Should have won in 2016: some worried that Ali’s sudden departure from Moonlight‘s plot would hurt his chances (and indeed Ali lost some key award indicators on the way to the Academy Awards), but he was the one who truly deserved to win.
Like with Matthew McConaughey, there was no one more surprised than me that Jared Leto won an Oscar–let alone that he deserved it. And deserve it he did. While McConaughey was busy filling Dallas Buyers Club with blustery, eff-the-world energy, Leto was quietly giving it a heart and a soul. It’s exactly what Dallas Buyers Club needed–and the purest definition of what a supporting role should do. McConaughey’s Ron Woodroof fought the man, while Leto’s Rayon embodied what the struggle was about in the first place. His messy, drug-addicted drag queen gave the AIDS epidemic a face and a context without for a moment becoming preachy or saccharine. Rayon wasn’t a saint, but Leto made you love him despite his rough edges. And he broke your heart. Repeatedly and violently.

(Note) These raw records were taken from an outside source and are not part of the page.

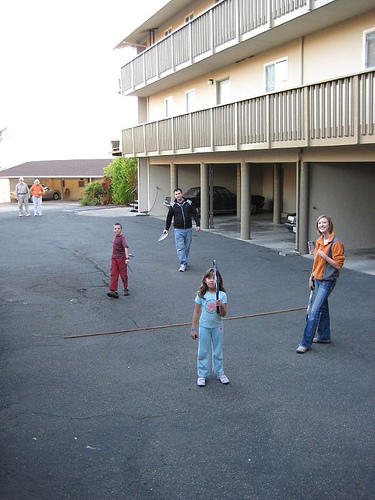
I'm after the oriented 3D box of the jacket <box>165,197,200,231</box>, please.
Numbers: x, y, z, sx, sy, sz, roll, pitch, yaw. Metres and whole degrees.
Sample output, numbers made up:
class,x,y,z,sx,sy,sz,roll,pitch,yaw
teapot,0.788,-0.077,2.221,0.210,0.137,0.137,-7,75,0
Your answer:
class,x,y,z,sx,sy,sz,roll,pitch,yaw
jacket,-0.135,-1.051,11.263,0.924,0.890,0.666,0,4,-1

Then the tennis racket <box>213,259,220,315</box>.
class,x,y,z,sx,sy,sz,roll,pitch,yaw
tennis racket,0.320,0.324,4.347,0.072,0.398,0.173,0,4,5

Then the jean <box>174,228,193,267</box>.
class,x,y,z,sx,sy,sz,roll,pitch,yaw
jean,-0.119,-0.073,11.449,0.536,1.135,0.387,-2,4,-25

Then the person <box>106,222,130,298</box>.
class,x,y,z,sx,sy,sz,roll,pitch,yaw
person,-1.598,0.195,9.281,0.517,1.628,2.026,-1,4,-10

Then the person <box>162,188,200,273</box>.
class,x,y,z,sx,sy,sz,roll,pitch,yaw
person,-0.161,-0.533,11.270,0.926,2.305,0.775,-1,4,-7

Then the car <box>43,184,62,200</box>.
class,x,y,z,sx,sy,sz,roll,pitch,yaw
car,-17.262,-7.369,50.760,3.393,1.173,1.522,7,-6,-43

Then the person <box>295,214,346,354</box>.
class,x,y,z,sx,sy,sz,roll,pitch,yaw
person,1.877,0.469,5.650,0.615,1.896,0.654,1,4,17
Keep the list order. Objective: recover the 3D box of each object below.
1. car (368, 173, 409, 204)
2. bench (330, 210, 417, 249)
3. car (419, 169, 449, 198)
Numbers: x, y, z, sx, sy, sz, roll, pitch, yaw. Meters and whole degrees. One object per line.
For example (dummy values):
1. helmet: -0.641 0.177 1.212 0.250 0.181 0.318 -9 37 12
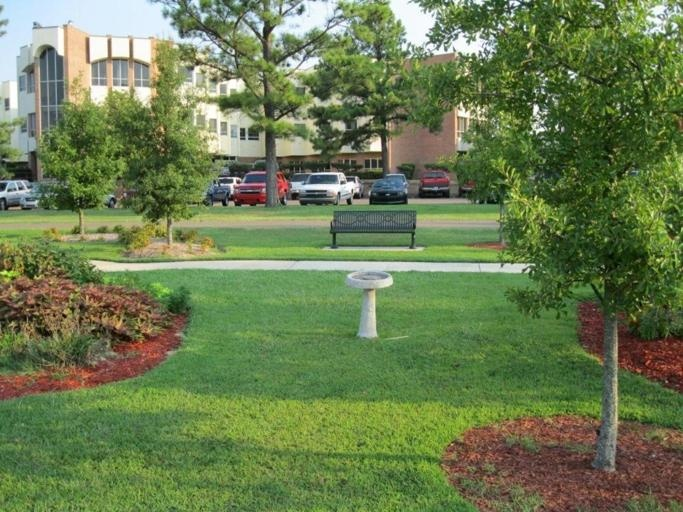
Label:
1. car: 2.173 -2.902 40.891 1.847 1.009 1.547 -6 15 -23
2. bench: 0.816 -0.644 22.017 2.102 0.975 0.719 0 2 5
3. car: 5.287 -4.001 50.297 1.798 1.694 1.476 -6 15 -24
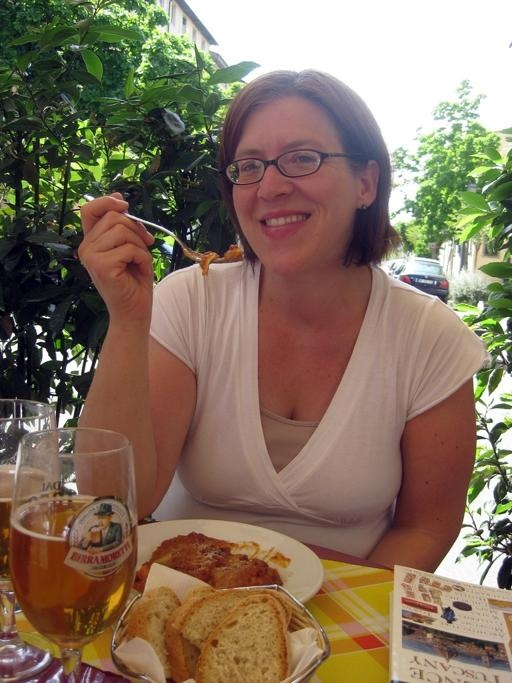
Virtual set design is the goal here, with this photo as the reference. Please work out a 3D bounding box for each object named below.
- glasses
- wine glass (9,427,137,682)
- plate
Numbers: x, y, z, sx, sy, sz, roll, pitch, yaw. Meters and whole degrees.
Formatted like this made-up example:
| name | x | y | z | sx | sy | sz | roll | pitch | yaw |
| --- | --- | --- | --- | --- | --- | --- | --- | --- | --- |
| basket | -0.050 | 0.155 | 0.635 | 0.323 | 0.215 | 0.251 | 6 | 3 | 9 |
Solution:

Should have won in 2013: Leto, Leto, Leto.
This is a towering performance? Dude is absolutely terrifying. And not in that supervillain way we saw in the top 3 in the 2000’s–although Simmons’ brutal teacher, Fletcher, is headed in that direction. He doesn’t just try to coax the best out of his elite music students. Save that crap for Dangerous Minds. No, this guys beats it out of them. If a beating is off the table, verbal and psychological abuse will do just fine. Any other actor would have lost the double-edged sword at the heart of Whiplash: true genius and true talent require a vicious work ethic. It requires sacrifice and single-minded dedication. It requires you to be pushed beyond the limit you thought you couldn’t overcome. As much as you want to hate Fletcher, you just can’t help but wonder if he has a point when he says that the two most damaging words in the English language are “good job.”

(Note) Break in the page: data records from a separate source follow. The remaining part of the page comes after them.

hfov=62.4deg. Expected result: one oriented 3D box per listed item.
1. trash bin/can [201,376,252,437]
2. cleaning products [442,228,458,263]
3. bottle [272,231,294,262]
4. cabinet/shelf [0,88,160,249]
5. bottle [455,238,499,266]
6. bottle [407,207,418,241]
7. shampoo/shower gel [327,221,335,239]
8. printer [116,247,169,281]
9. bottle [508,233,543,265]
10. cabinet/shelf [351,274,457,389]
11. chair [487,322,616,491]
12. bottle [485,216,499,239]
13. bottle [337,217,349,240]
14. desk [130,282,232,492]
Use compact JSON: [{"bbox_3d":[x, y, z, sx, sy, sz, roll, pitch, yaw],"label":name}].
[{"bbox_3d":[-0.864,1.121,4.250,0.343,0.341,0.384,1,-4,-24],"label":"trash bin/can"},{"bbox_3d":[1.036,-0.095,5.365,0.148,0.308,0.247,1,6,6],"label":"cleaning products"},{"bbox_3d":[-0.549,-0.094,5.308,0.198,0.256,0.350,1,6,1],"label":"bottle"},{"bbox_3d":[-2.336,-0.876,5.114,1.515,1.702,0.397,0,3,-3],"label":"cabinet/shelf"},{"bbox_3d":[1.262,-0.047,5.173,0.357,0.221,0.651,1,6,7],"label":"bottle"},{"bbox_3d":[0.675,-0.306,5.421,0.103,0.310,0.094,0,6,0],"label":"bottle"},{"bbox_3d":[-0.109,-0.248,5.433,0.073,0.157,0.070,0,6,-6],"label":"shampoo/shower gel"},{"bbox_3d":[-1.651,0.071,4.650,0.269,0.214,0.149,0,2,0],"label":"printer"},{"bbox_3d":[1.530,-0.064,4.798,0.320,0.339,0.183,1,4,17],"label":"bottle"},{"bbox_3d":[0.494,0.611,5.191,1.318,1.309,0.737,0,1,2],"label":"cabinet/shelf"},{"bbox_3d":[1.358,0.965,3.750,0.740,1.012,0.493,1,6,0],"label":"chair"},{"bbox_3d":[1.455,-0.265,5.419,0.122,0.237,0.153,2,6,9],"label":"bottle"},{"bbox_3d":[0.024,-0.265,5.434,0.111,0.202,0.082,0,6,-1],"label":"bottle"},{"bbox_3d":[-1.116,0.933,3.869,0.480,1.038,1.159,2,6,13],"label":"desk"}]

In the end, Dallas Buyers Club Leto was a great supporting actor in Dallas Buyers Club but McConaughey could have carried the movie without him. Mahershala Ali’s supporting turn in Moonlight added depth and gravitas, but the movie still would have been an artistic achievement on its own. Whiplash would have been nothing without J.K. Simmons.
Should have won in 2014: It was definitely Simmons’ year.